Insider trading and closed periods

The group operates a closed period prior to the publication of its interim and final results. During this period directors, officers and designated persons who may have access to price-sensitive information are precluded from dealing in the shares of the group.The closed period extends from the first day of the month following the end of a financial reporting period and expires on the day on which the interim or final results are published.Where appropriate, dealing is also restricted during sensitive periods where major transactions are being negotiated and a public announcement is imminent.

RISK MANAGEMENT

Risk is an everpresent feature of business in general. It is exacerbated in the mining industry as a result of the remote locations of operations, the physical danger inherent in the day-to-day activities of mining and smelting operations and the volume and complexity of legislation with which these industries have to comply.The most prominent financial risks to which the group is exposed, namely fluctuations in exchange rates and world commodity prices, are to a large extent outside of the board’s direct control and can only be indirectly controlled by timeous response to market fluctuations and setting appropriate business strategies.

Group risk management is achieved through the identification and control of all significant business risks, including operational risks, which could adversely affect the achievements of the group’s business objectives. Risk is managed at group level through the appointment of various risk management committees, which comprise representatives from senior management.The committees report to the board of directors through the Audit Committee. An independent formalised process of identifying, recording and reviewing the management of major risk exposures has been implemented, assisted by specialised external consultants, where required. Independent risk engineering consultants grade each operation against international risk standards for fire, security, engineering, commercial crime, contingency planning and mining, as well as environmental risk to monitor whether current practices meet the set criteria and are being maintained.The Risk Management Committees are also responsible for ensuring that appropriate financial and insurance mechanisms are integrated into the risk plan and the group is protected against catastrophic risk, including failure of IT systems. In addition, the group risk management process includes ongoing review of compliance with legislation in the areas of:

  • environmental rehabilitation management;
  • health and safety management; and
  • human resource management.

This review is undertaken in conjunction with independent, specialist consultants and subjected to regular compliance audits.
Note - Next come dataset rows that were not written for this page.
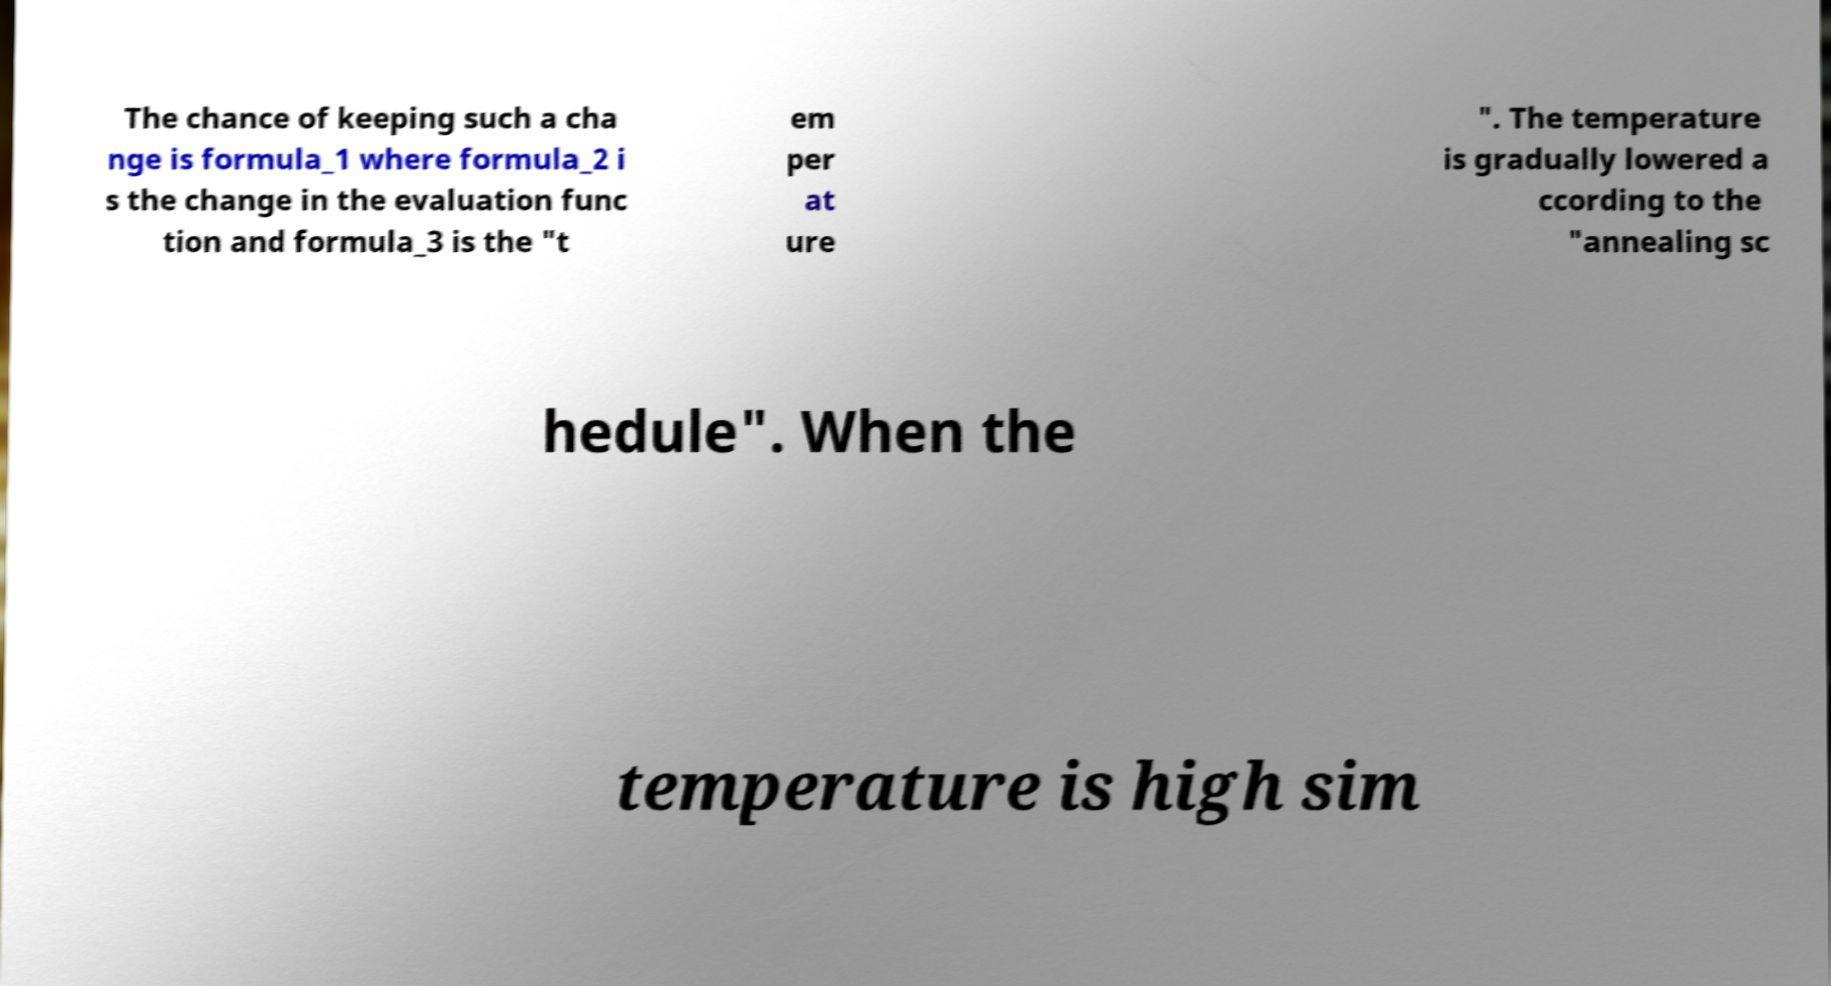What messages or text are displayed in this image? I need them in a readable, typed format. The chance of keeping such a cha nge is formula_1 where formula_2 i s the change in the evaluation func tion and formula_3 is the "t em per at ure ". The temperature is gradually lowered a ccording to the "annealing sc hedule". When the temperature is high sim 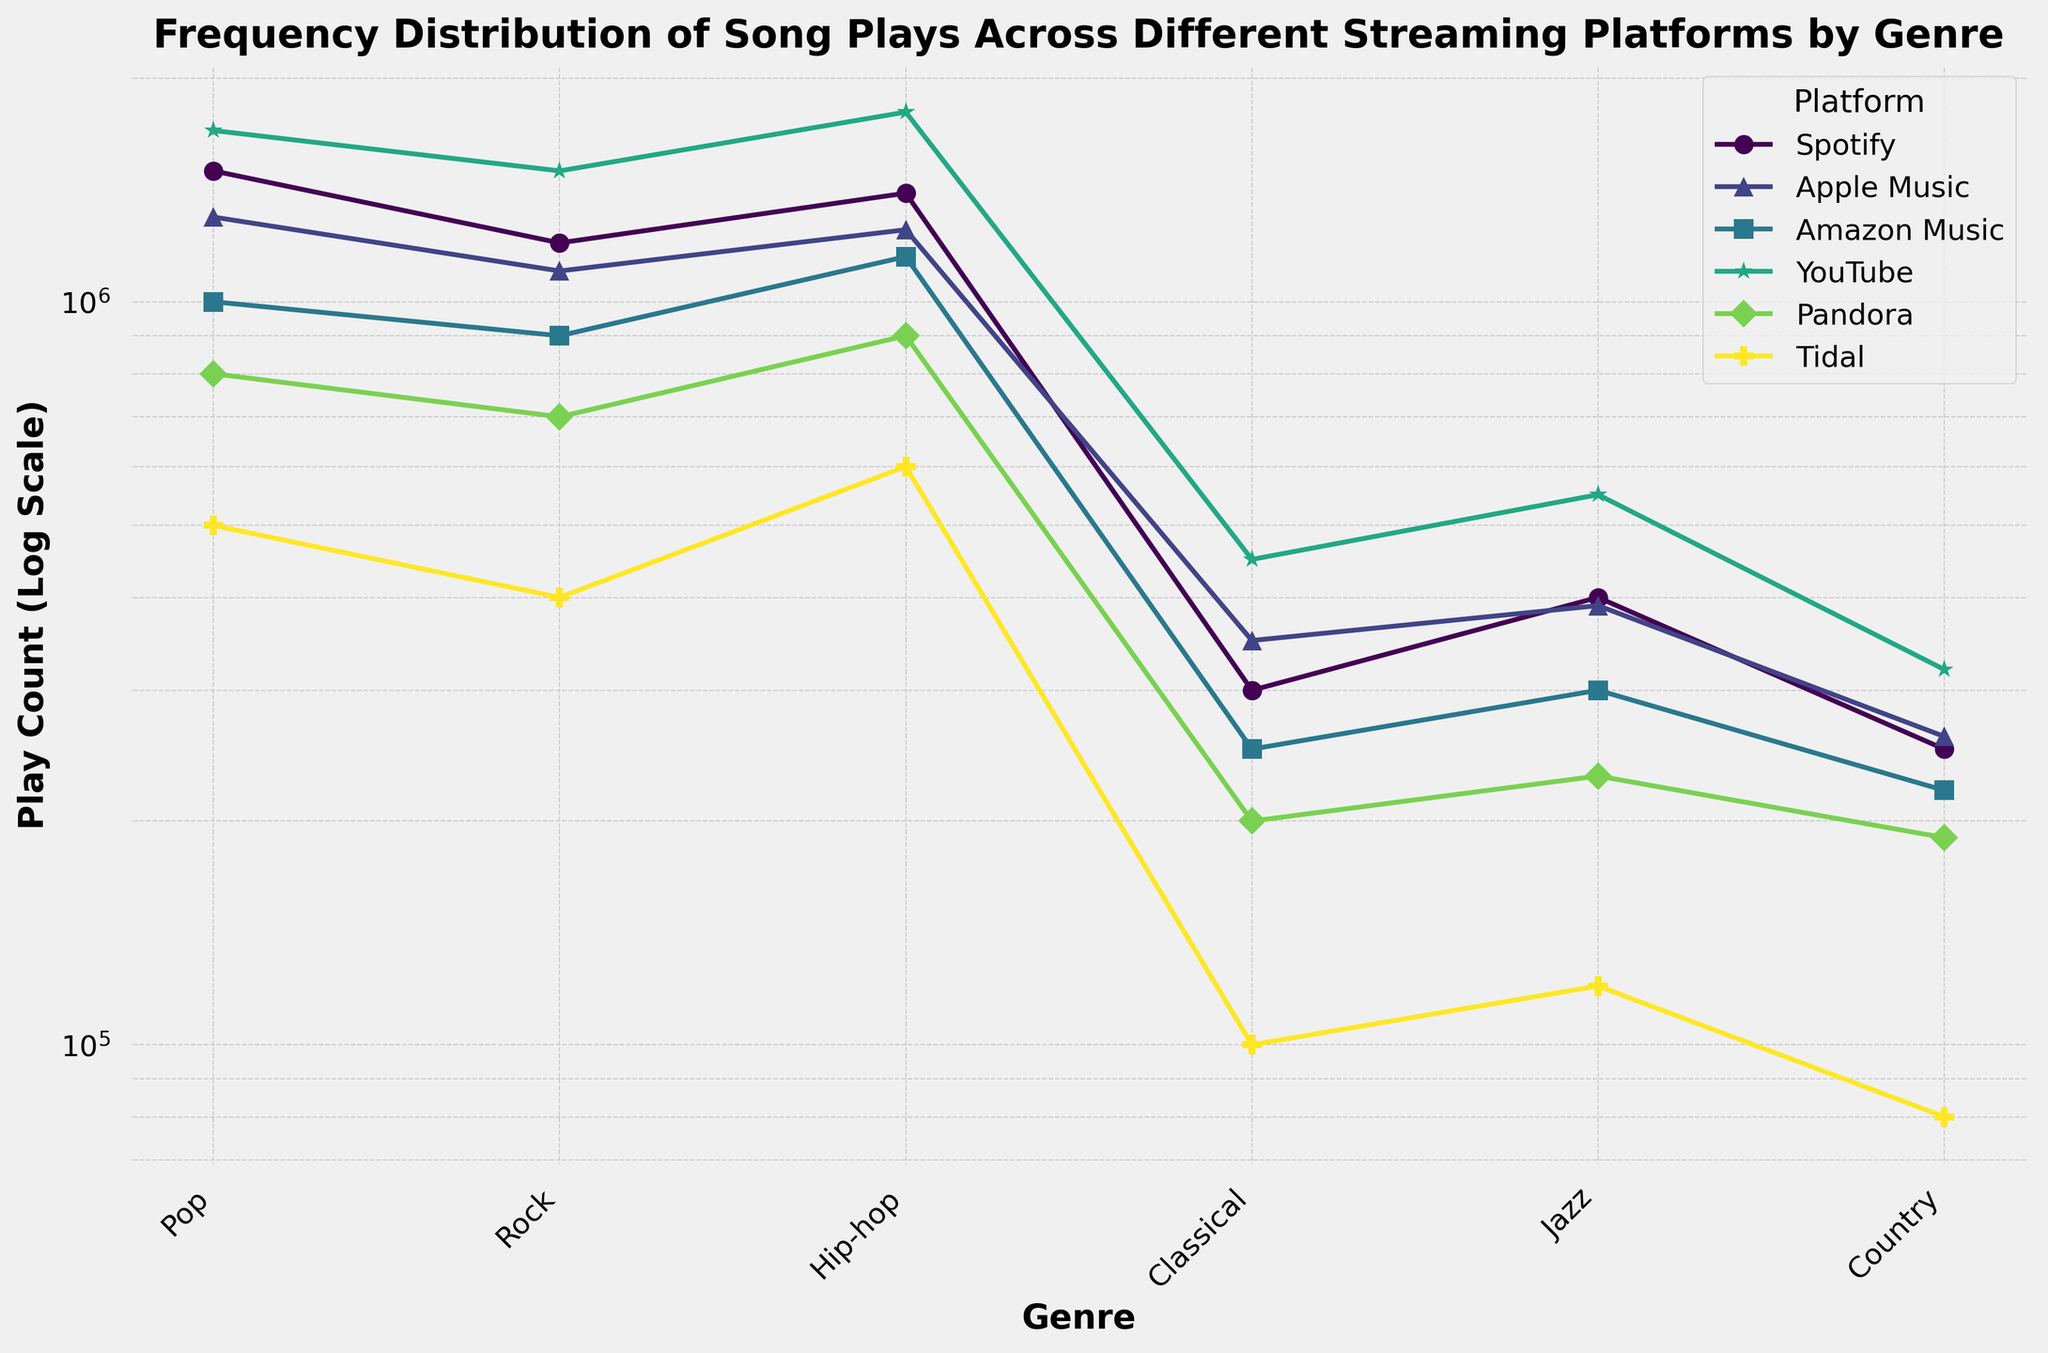What platform has the highest play count for Hip-hop? By visually inspecting the chart and looking for the highest point among the markers representing Hip-hop across different platforms, YouTube has the highest marker.
Answer: YouTube Which genres have more plays on Spotify compared to Apple Music? By comparing the heights or marker positions of genres (Pop, Rock, Hip-hop, Classical, Jazz, and Country) on Spotify and Apple Music, we see Pop and Hip-hop have higher play counts on Spotify.
Answer: Pop, Hip-hop How does the play count for Country music on YouTube compare to its play count on Spotify? Compare the markers of Country music on YouTube and Spotify. Country on YouTube has a higher marker compared to Spotify.
Answer: Higher on YouTube Which genre on Pandora has the lowest play count? Visually inspect the markers representing genres on Pandora and find the lowest one, which is Classical.
Answer: Classical What's the difference in play count for Jazz between YouTube and Tidal? Find the markers for Jazz on YouTube and Tidal, note their respective play counts, and subtract Tidal's count from YouTube's.
Answer: 430,000 Which platform shows the most significant variation in play counts across different genres? By visually comparing the range and spread of play counts (height difference between the highest and lowest markers) across all genres for each platform, YouTube shows the largest variation.
Answer: YouTube What is the combined play count for Rock and Pop genres on Amazon Music? Sum the play counts for Rock and Pop on Amazon Music: 900,000 + 1,000,000 = 1,900,000.
Answer: 1,900,000 Between Classical and Jazz on Apple Music, which genre has close play counts? Compare the markers of Classical and Jazz on Apple Music. Both genres have play counts near each other, with Classical at 350,000 and Jazz at 390,000.
Answer: Classical and Jazz On which platform does Country music have the lowest play count? Visually inspect and compare the Country music markers across all platforms. Tidal has the lowest play count marker for Country music.
Answer: Tidal What genre has the second-lowest play count on Spotify? By ranking the play counts visually for Spotify, the second-lowest play count comes for Jazz, though Country has the lowest.
Answer: Jazz

Reports emanating from these independent reviews are tabled at the Audit Committee, which monitors progress and raises unresolved issues at board level for resolution.

INTERNAL AUDIT AND INTERNAL CONTROL

The board, through its appointed Audit Committee, is accountable for the implementation of appropriate internal controls, which are reviewed regularly for efficiency and effectiveness.These controls are designed to manage the risk of failure, and provide reasonable assurance that there is an adequate system of internal control in place. As with all management systems, the assurance provided is not absolute and the risk of failure cannot be eliminated entirely. The internal audit functions at the various operations in the group have been outsourced to the respective special services divisions of recognised professional auditing firms. Internal auditors monitor the operation of the internal control systems and, after discussion with management, report findings and recommendations to the Audit Committee. Corrective action is taken to address control deficiencies as and when they are identified. Nothing has come to the attention of the board to indicate that any material breakdown in the effective functioning of controls, procedures and systems has occurred during the year under review.

Representatives of the internal audit team are invited to attend Audit Committee meetings and, where areas of new risk are identified, eg initiation of capital projects or new systems of internal control, separate independent investigations take place on an ad-hoc basis in addition to the programmed reviews referred to above.